The diagram below illustrates the high-level deployment model, highlighting which components reside in Ubiq’s SaaS control plane versus the customer’s infrastructure.

- Key management: Ubiq-hosted FIPS-compliant key management OR use customer-owned HSMs
- Policy Enginer: Control plane (policy manager, key manager) is Ubiq-hosted
- Identity enforcement and/or Ubiq IAM: Governs all data access operations in real-time
- Low/no-code integrations: Software libraries that perform all crypto operations locally within the customer’s environment
- Data and data encryption keys remain fully inside the customer infrastructure
Runtime Enforcement Flow

Every Ubiq operation (encryption, tokenization, masking, or decryption) passes through an identity-aware decision flow:
- Request Initiation: A user or system requests to access or modify protected data.
- Identity Evaluation: Ubiq checks the requestor’s identity and group membership (via your IdP or SCIM mapping).
- Policy Check: The system verifies that the identity is authorized to perform the requested operation on the dataset.
- Key Access: If approved, the appropriate key material is retrieved and applied locally.
- Enforcement: If not authorized, the request is denied — even if the user has full database or infrastructure access.
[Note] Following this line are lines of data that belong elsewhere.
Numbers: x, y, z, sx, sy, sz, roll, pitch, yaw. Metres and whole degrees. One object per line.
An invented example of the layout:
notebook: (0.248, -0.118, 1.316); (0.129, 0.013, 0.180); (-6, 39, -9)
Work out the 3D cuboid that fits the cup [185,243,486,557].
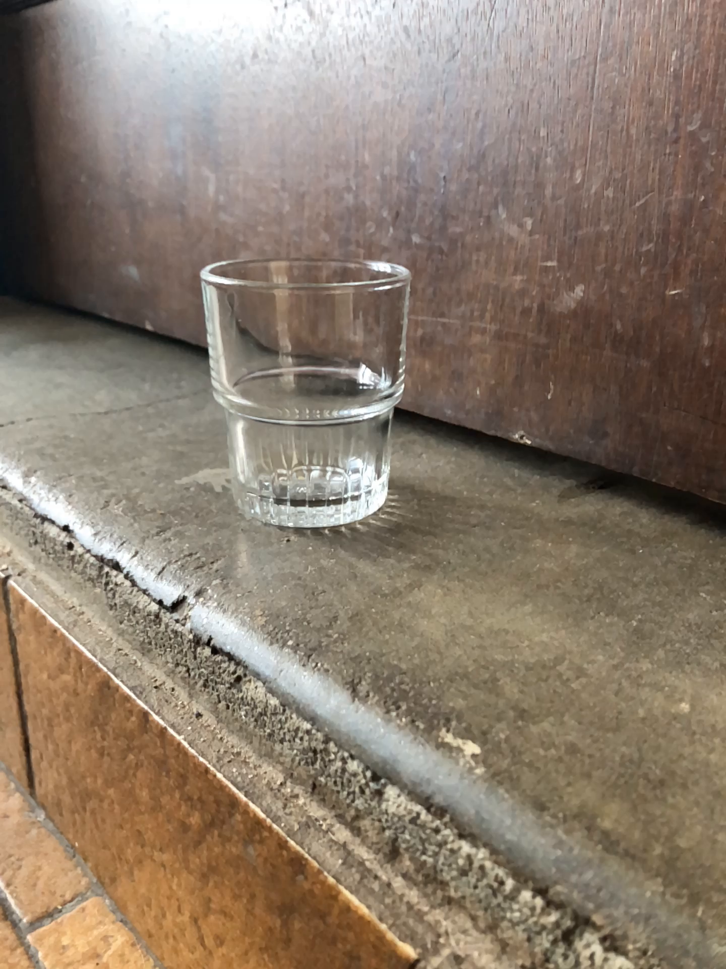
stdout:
cup: (-0.011, -0.033, 0.266); (0.070, 0.080, 0.070); (0, 21, 0)
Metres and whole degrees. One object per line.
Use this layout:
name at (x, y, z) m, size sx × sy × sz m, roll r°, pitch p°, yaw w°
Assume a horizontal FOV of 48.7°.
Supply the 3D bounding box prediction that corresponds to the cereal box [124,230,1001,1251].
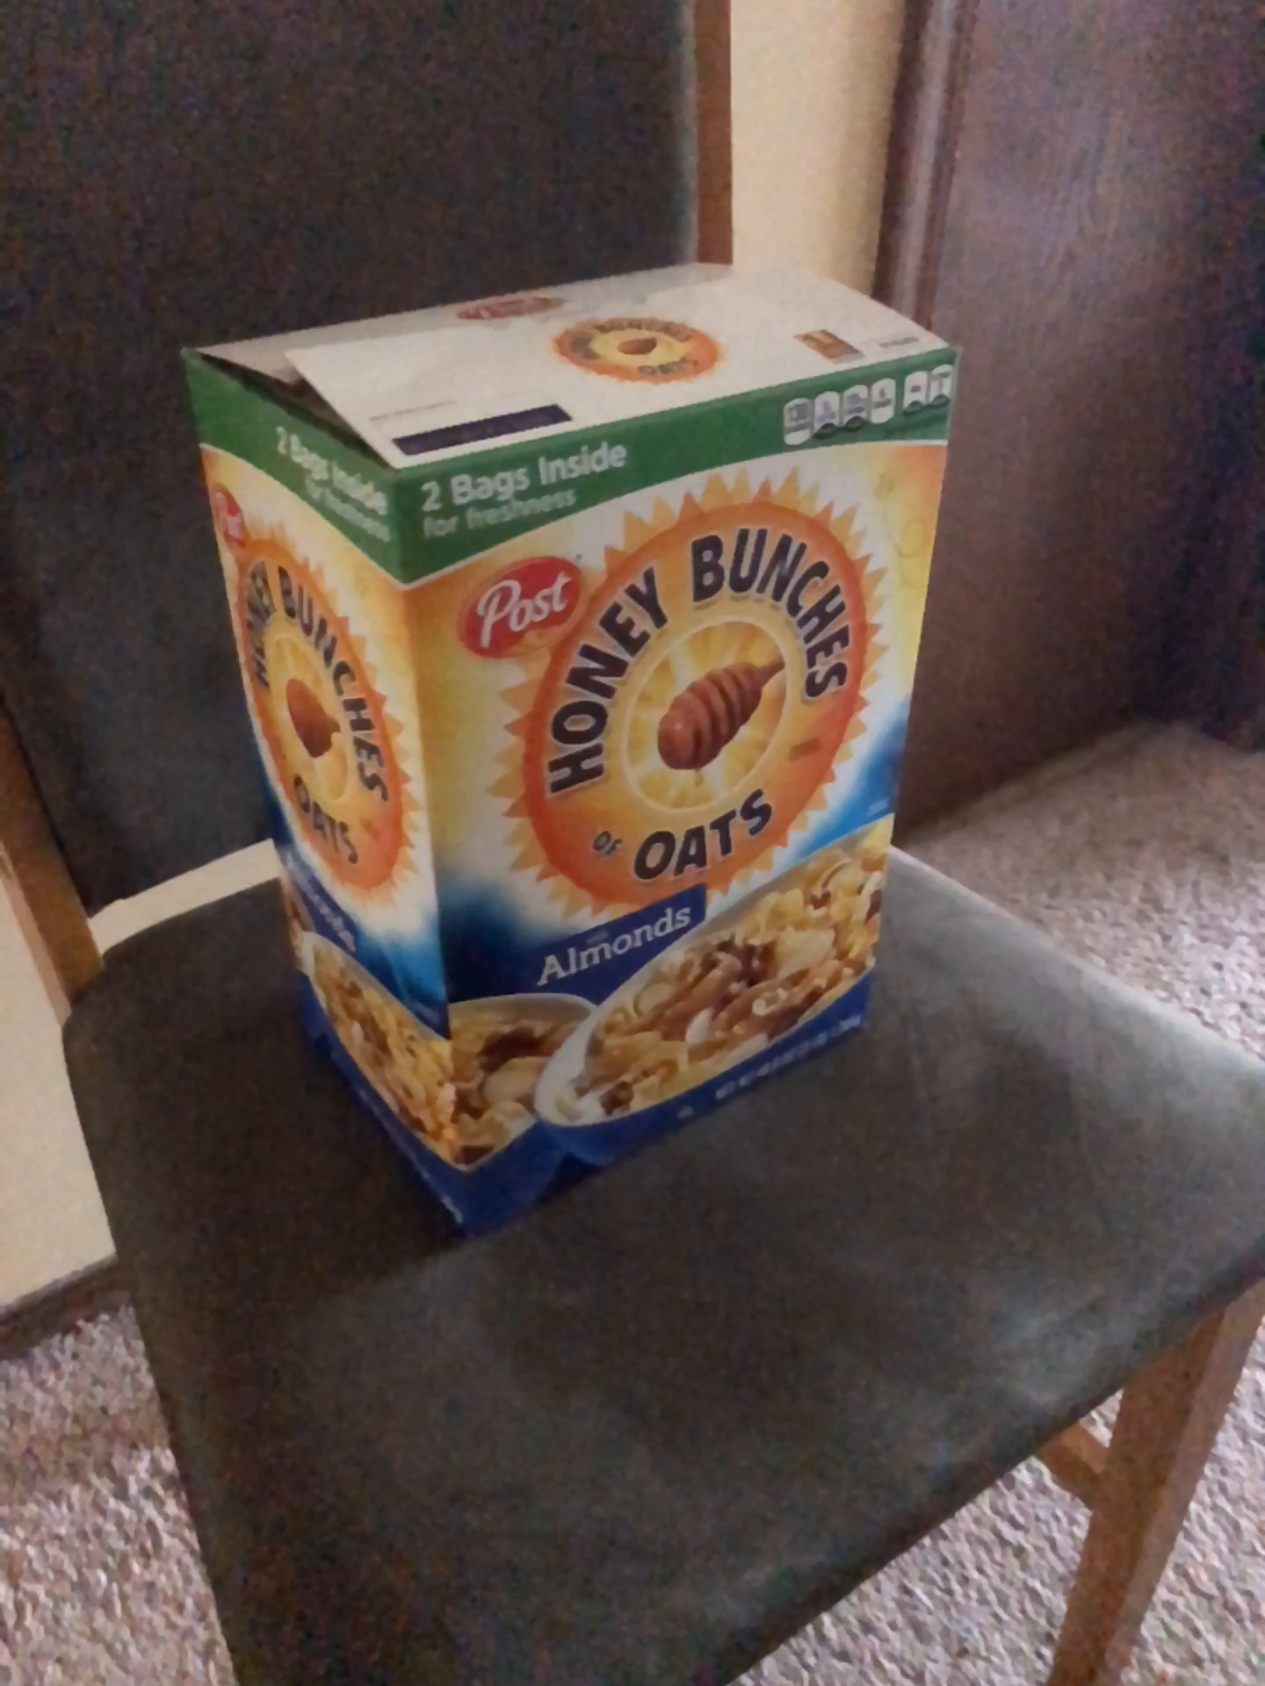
cereal box at (-0.020, -0.048, 0.511) m, size 0.220 × 0.279 × 0.160 m, roll -22°, pitch 39°, yaw -28°

This ensures that cryptographic decisions are not only policy-based, but identity-enforced, closing the gap between IAM and data security.
Why Customers Choose Ubiq
- One Integration, Complete Coverage: A single integration enables encryption, tokenization, masking, and dynamic masking. No need to buy or manage separate products or licenses.
- Identity-Driven Control: IAM governs who can perform cryptographic operations, extending your existing access policies to the data layer.
- Data Stays Local: All cryptographic operations happen within your environment; Ubiq manages only keys (optionally) and policies in SaaS.
- Zero Infrastructure Overhead: No agents, proxies, or schema changes. Integrate directly into existing applications, databases, and pipelines.
- Audit by Default: Every encryption, tokenization, or masking action is logged with identity context for complete traceability.